## Work required
All that is needed is an exact copy of the lines from the beginning of the data below through the line containing "Answer: I-95 expansion", minus the pictures.

## Provided records
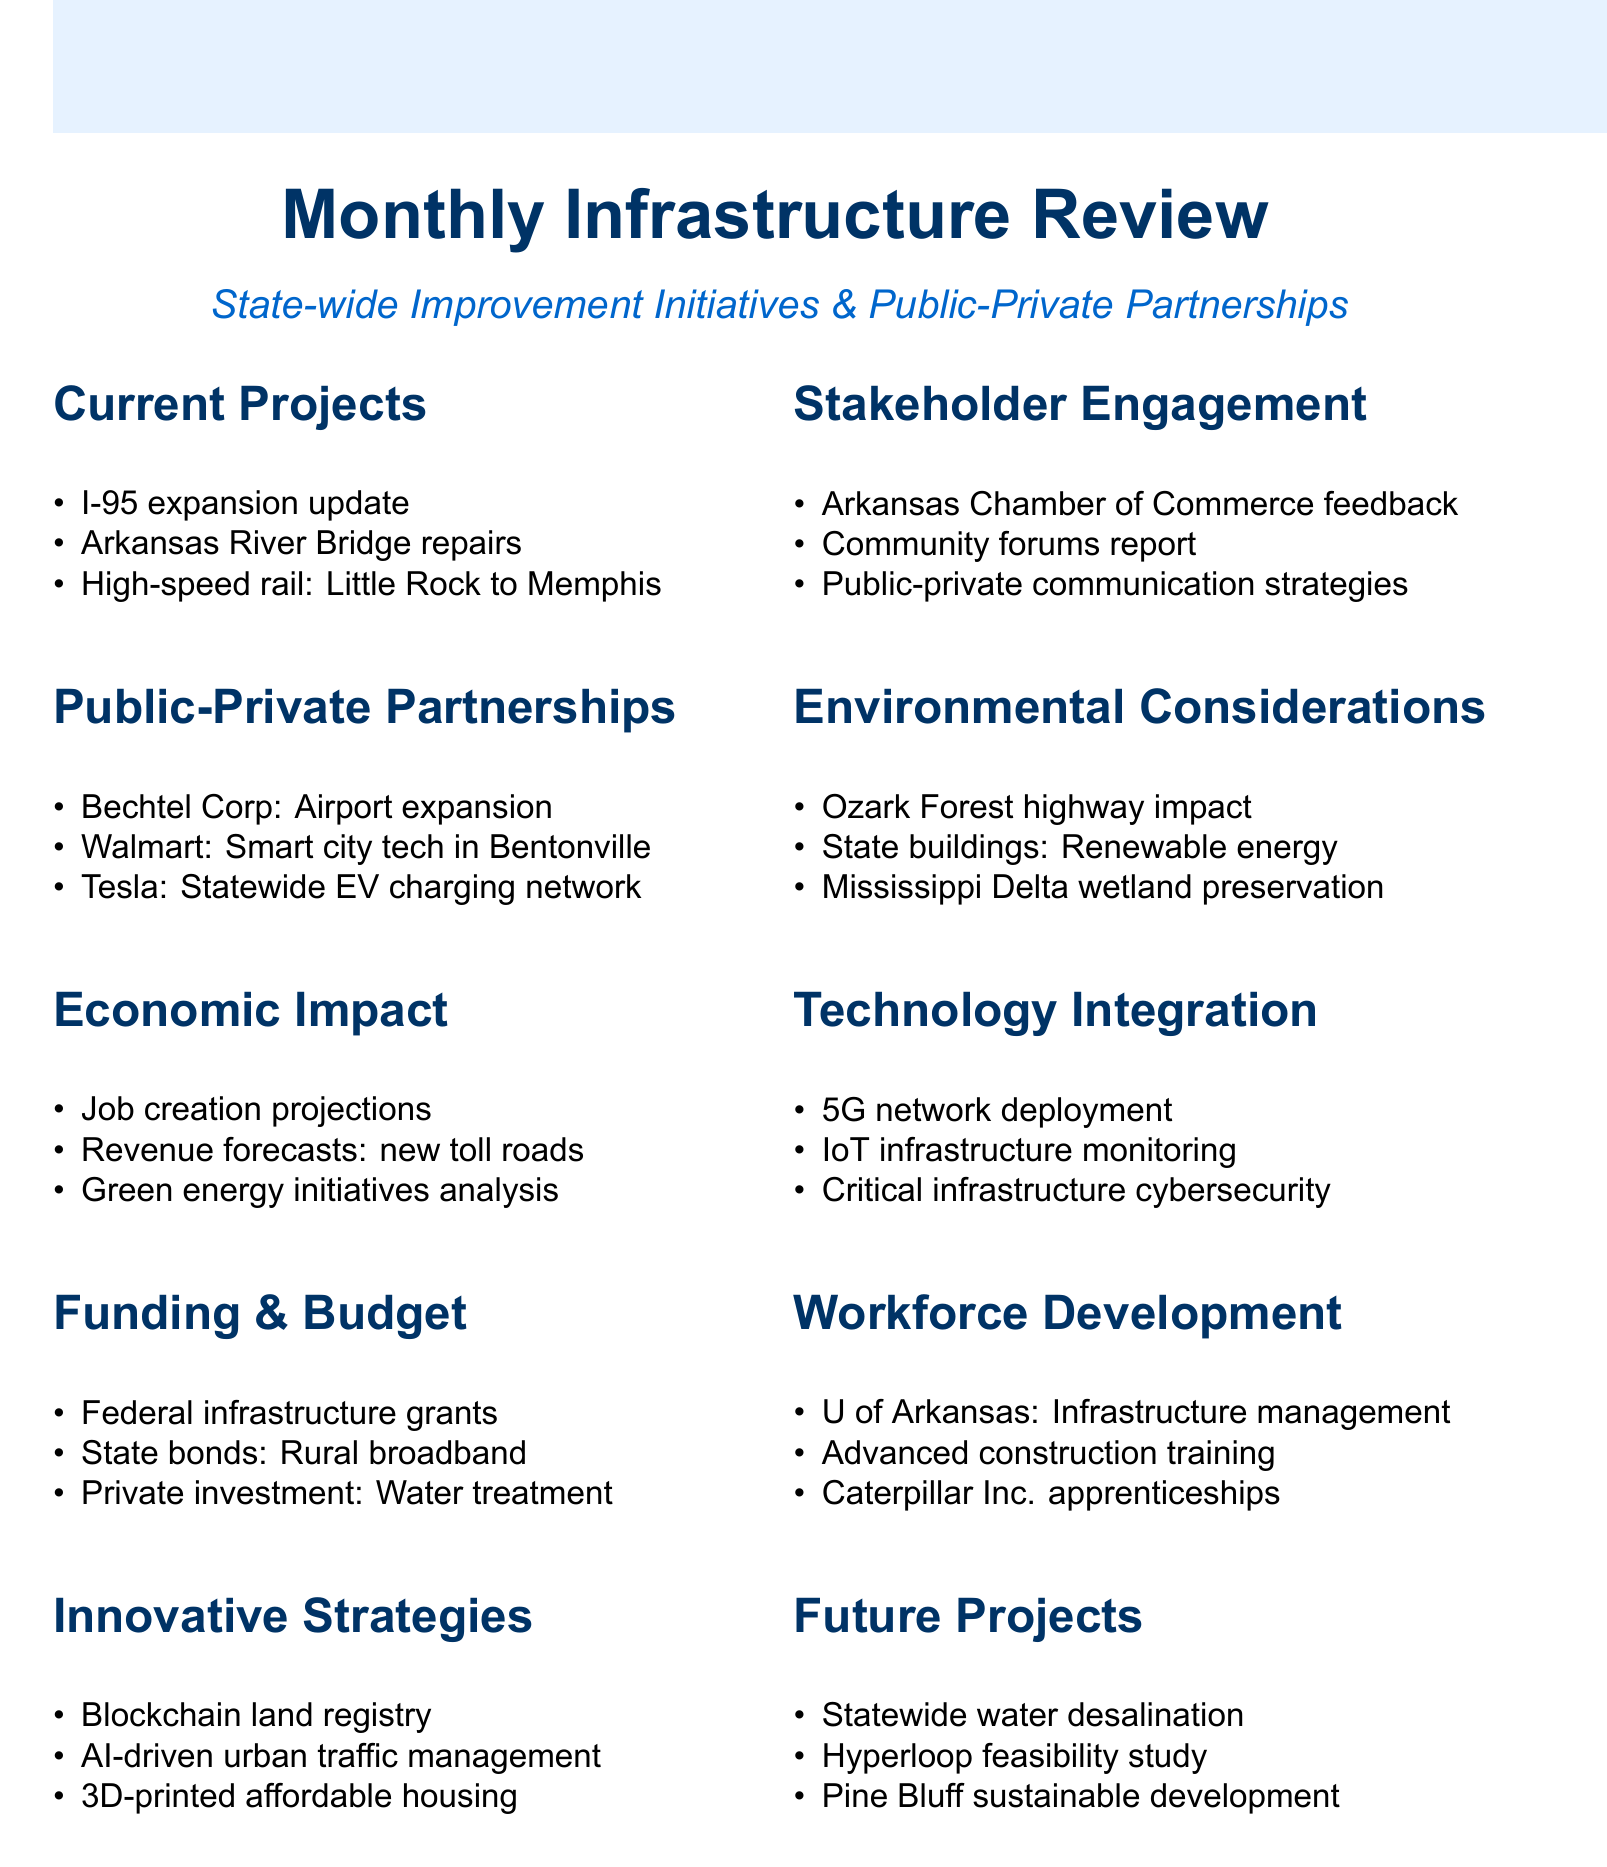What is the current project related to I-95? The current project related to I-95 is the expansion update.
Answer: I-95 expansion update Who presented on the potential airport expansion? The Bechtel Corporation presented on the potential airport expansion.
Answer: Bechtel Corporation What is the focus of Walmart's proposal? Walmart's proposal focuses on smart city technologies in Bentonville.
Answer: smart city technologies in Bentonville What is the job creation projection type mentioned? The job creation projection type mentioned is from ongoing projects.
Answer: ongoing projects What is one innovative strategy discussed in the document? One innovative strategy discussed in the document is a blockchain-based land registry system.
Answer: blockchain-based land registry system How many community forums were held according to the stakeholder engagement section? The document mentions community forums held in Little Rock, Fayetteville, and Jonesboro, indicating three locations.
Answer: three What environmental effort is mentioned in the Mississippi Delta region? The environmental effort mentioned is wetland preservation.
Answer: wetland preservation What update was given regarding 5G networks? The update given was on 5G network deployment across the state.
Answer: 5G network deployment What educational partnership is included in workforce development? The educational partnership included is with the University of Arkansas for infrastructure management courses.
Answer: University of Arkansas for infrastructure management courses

## Solution to this task
What is the current project related to I-95? The current project related to I-95 is the expansion update.
Answer: I-95 expansion update Who presented on the potential airport expansion? The Bechtel Corporation presented on the potential airport expansion.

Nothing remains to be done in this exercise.